START RECORDS PROVIDED

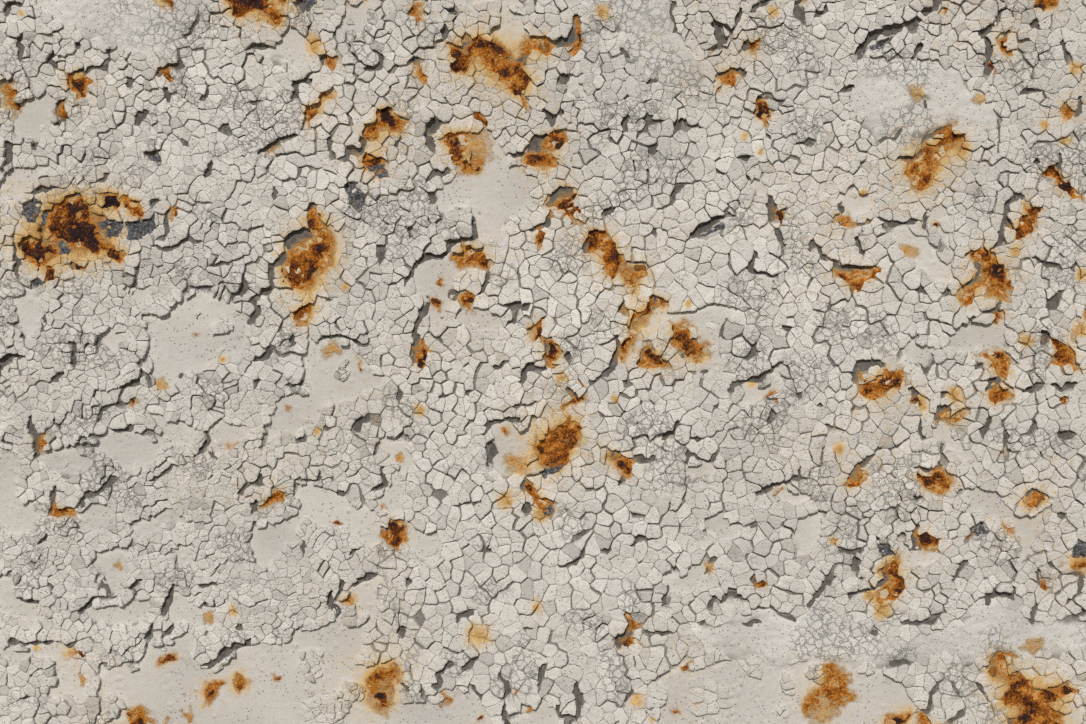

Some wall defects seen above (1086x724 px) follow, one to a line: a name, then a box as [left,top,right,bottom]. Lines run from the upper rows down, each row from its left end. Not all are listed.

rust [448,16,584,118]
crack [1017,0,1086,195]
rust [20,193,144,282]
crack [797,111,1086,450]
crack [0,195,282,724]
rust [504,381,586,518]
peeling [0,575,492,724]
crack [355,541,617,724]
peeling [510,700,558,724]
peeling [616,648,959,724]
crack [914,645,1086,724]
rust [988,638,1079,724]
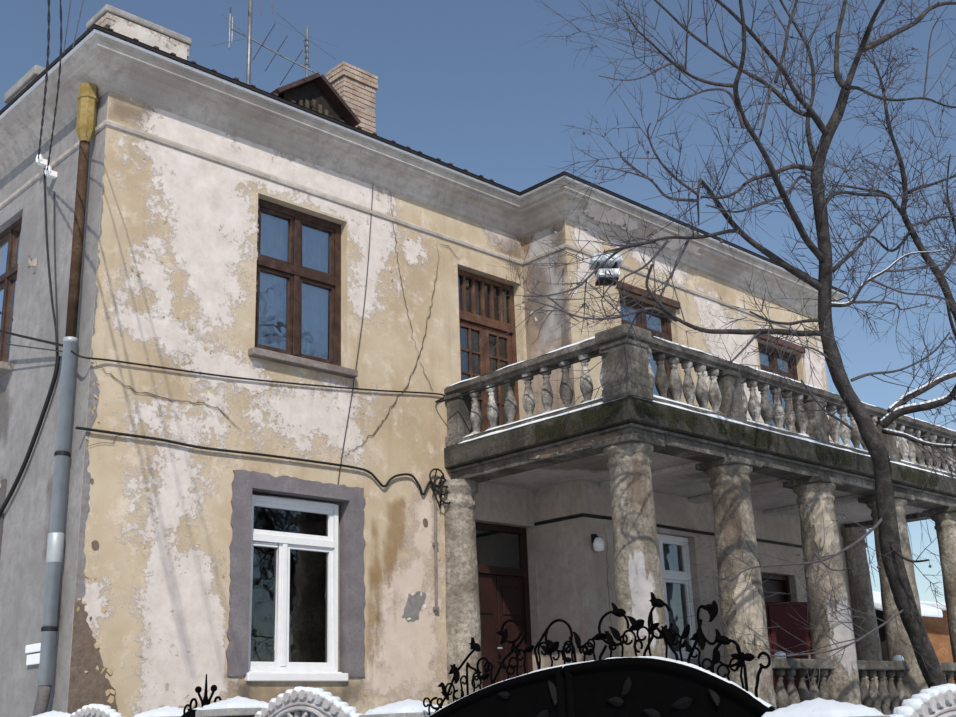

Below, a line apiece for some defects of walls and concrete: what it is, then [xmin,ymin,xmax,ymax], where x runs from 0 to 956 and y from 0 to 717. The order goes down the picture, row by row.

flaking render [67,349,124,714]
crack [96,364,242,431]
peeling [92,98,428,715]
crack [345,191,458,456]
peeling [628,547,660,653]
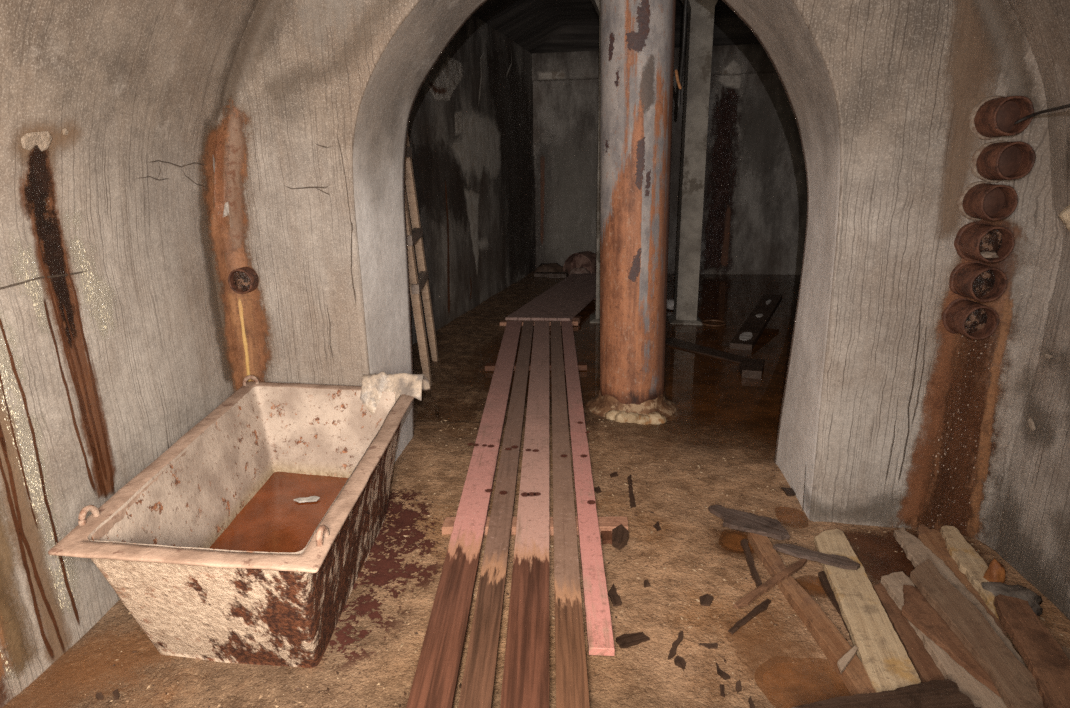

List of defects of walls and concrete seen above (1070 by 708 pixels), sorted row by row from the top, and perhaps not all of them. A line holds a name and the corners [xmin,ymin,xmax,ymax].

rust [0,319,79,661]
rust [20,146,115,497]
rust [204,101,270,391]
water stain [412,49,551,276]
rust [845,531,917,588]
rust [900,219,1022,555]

END RECORDS PROVIDED

* [WORK REQUEST]
Leave the pictures out and reproduce all of the records exactly.

* [EXERCISE SOLUTION]
Some wall defects seen above (1086x724 px) follow, one to a line: a name, then a box as [left,top,right,bottom]. Lines run from the upper rows down, each row from its left end. Not all are listed.

rust [448,16,584,118]
crack [1017,0,1086,195]
rust [20,193,144,282]
crack [797,111,1086,450]
crack [0,195,282,724]
rust [504,381,586,518]
peeling [0,575,492,724]
crack [355,541,617,724]
peeling [510,700,558,724]
peeling [616,648,959,724]
crack [914,645,1086,724]
rust [988,638,1079,724]

Below, a line apiece for some defects of walls and concrete: what it is, then [xmin,ymin,xmax,ymax], where x runs from 0 to 956 and y from 0 to 717. The order goes down the picture, row by row.

flaking render [67,349,124,714]
crack [96,364,242,431]
peeling [92,98,428,715]
crack [345,191,458,456]
peeling [628,547,660,653]

List of defects of walls and concrete seen above (1070 by 708 pixels), sorted row by row from the top, and perhaps not all of them. A line holds a name and the corners [xmin,ymin,xmax,ymax].

rust [0,319,79,661]
rust [20,146,115,497]
rust [204,101,270,391]
water stain [412,49,551,276]
rust [845,531,917,588]
rust [900,219,1022,555]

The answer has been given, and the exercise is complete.